Les problèmes de la Sen’Eau, filiale de Suez dans la distribution de l’eau au Sénégal, ne surprennent pas le Forum social sénégalais. Mignane Diouf et ses camarades se disent convaincus que le groupe français est venu dans ce pays pour se refaire une santé financière.
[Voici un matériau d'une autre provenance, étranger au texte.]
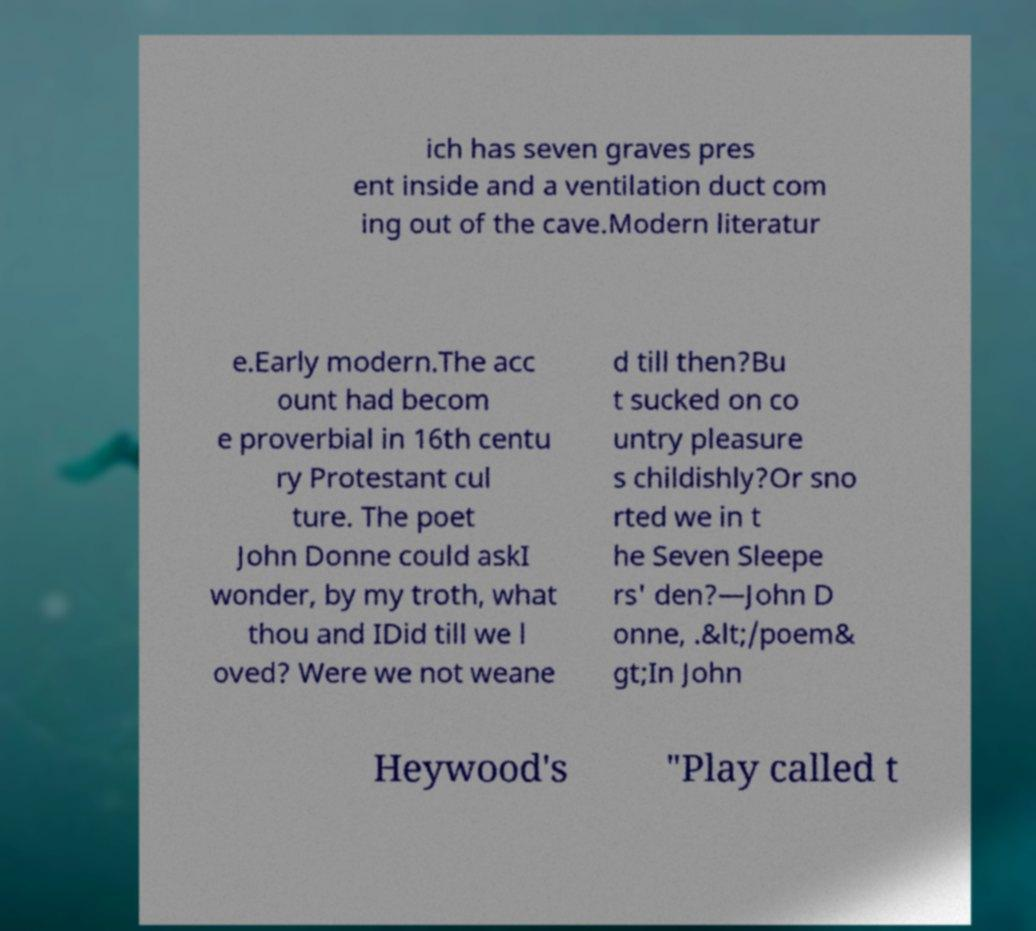Can you read and provide the text displayed in the image?This photo seems to have some interesting text. Can you extract and type it out for me? ich has seven graves pres ent inside and a ventilation duct com ing out of the cave.Modern literatur e.Early modern.The acc ount had becom e proverbial in 16th centu ry Protestant cul ture. The poet John Donne could askI wonder, by my troth, what thou and IDid till we l oved? Were we not weane d till then?Bu t sucked on co untry pleasure s childishly?Or sno rted we in t he Seven Sleepe rs' den?—John D onne, .&lt;/poem& gt;In John Heywood's "Play called t 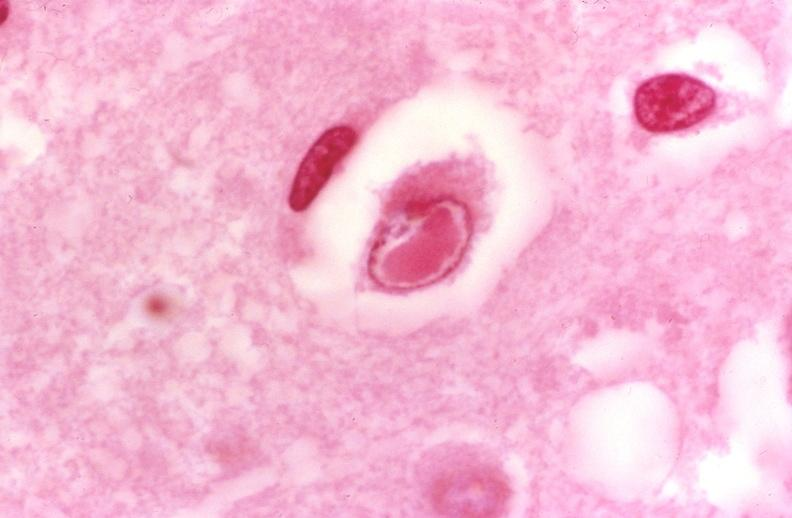s pus in test tube present?
Answer the question using a single word or phrase. No 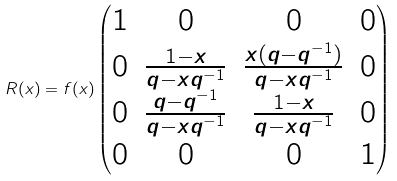<formula> <loc_0><loc_0><loc_500><loc_500>R ( x ) = f ( x ) \begin{pmatrix} 1 & 0 & 0 & 0 \\ 0 & \frac { 1 - x } { q - x q ^ { - 1 } } & \frac { x ( q - q ^ { - 1 } ) } { q - x q ^ { - 1 } } & 0 \\ 0 & \frac { q - q ^ { - 1 } } { q - x q ^ { - 1 } } & \frac { 1 - x } { q - x q ^ { - 1 } } & 0 \\ 0 & 0 & 0 & 1 \end{pmatrix}</formula> 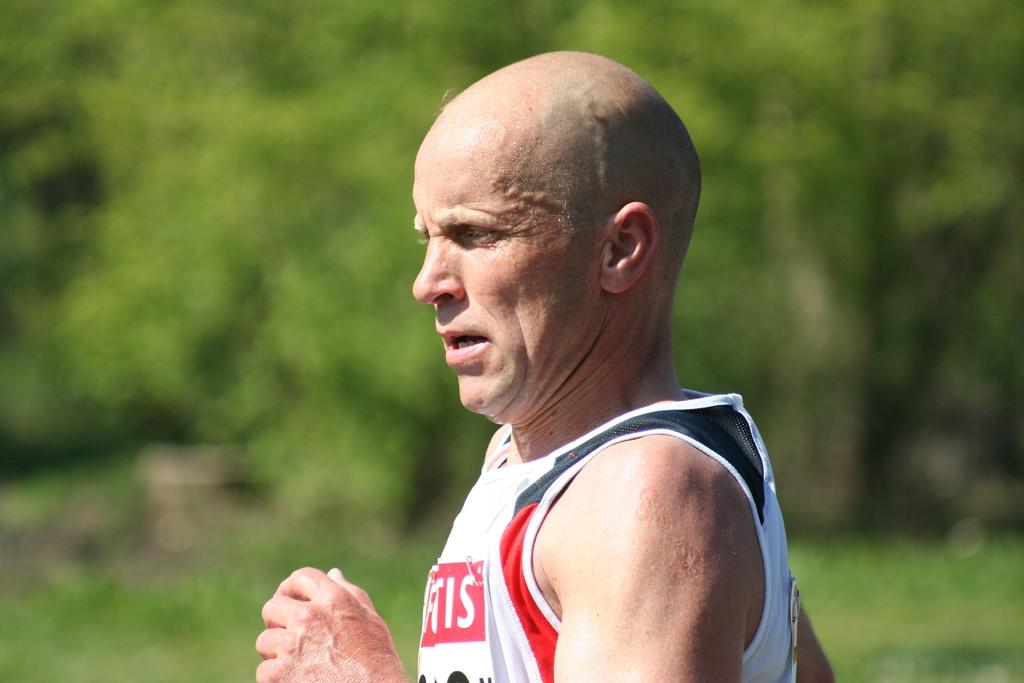<image>
Relay a brief, clear account of the picture shown. A man wearing a shirt that has the letters IS is running near some trees.

Par Babacar Guèye DIOP – Le 30 décembre 2019, la Sde, après 23 ans de présence au Sénégal, avait cessé ses activités, cédant la place au groupe Suez. Plus de deux ans après, le monde urbain et périurbain s’interroge sur la gestion du groupe français, qui dit capitaliser 160 ans d’expérience dans le domaine. Lors d’une conférence de presse hier, le Forum social sénégalais (Fss) a affirmé, avec un brin d’ironie, que l’histoire lui a donné raison. «Il y a deux ans, nous avions lancé une campagne contre le projet d’appel d’offres international, qui a permis finalement à Suez de gagner le contrat d’affermage», a rappelé Mamadou Mignane Diouf, coordonnateur du Fss. Entre pénuries récurrentes d’eau et interrogations sur la potabilité du liquide, la Sen’Eau, filiale du groupe Suez, peine à faire oublier la Sde.

Pourtant, Mignane Diouf et ses camarades avaient déposé des plaintes à l’Ofnac, à la Cour suprême, au Tribunal de Paris et à l’Armp, pour des «soupçons de corruption», afin d’invalider le contrat d’affermage liant le gouvernement à Suez. «On est même allés se plaindre devant l’Union européenne, qui a donné une partie des fonds qui ont permis d’installer la Kms3. Toutes les informations que nous avions, montraient que Suez va venir au Sénégal pour prendre le contrat et non pour respecter ses engagements d’investissement», a regretté M. Diouf. Par ailleurs, Suez est dans une procédure de rachat par Veolia pour 13 milliards d’euros, un de ses concurrents pour le contrat d’affermage. «Suez était en difficulté, du point de vue financier. Ce contrat signé avec Suez est pour le gouvernement du Sénégal, un fiasco diplomatique, politique et un fiasco en négociation internationale. Suez est venu non pas pour soulager les Sénégalais, mais pour se refaire financièrement», a analysé Mignane Diouf, selon qui, l’eau va encore coûter plus cher.

En outre, dans le cadre du 9ème Forum mondial de l’eau, «Dakar 2022», qui aura lieu du 21 au 26 mars 2022 au Centre international de conférences Abdou Diouf de Diamniadio (Cicad), se tiendra en parallèle le Forum alternatif mondial de l’eau (Fame). D’après Mignane Diouf, cet événement sera un espace ouvert de rencontres, visant à approfondir la réflexion et la formulation de propositions de la part d’instances et de mouvements de la Société civile, qui s’opposent à l’exploitation capitaliste du bien commun qu’est l’eau. «L’objectif du Fame 2022, c’est bien de faire entendre une autre voix possible dans la gouvernance de l’eau, et de permettre aux Sociétés civiles et communautés d’analyser les problèmes et de formuler des propositions et alternatives durables dans la gouvernance de l’eau et de l’assainissement», a décliné M. Diouf, membre du comité d’organisation du Fame 2022.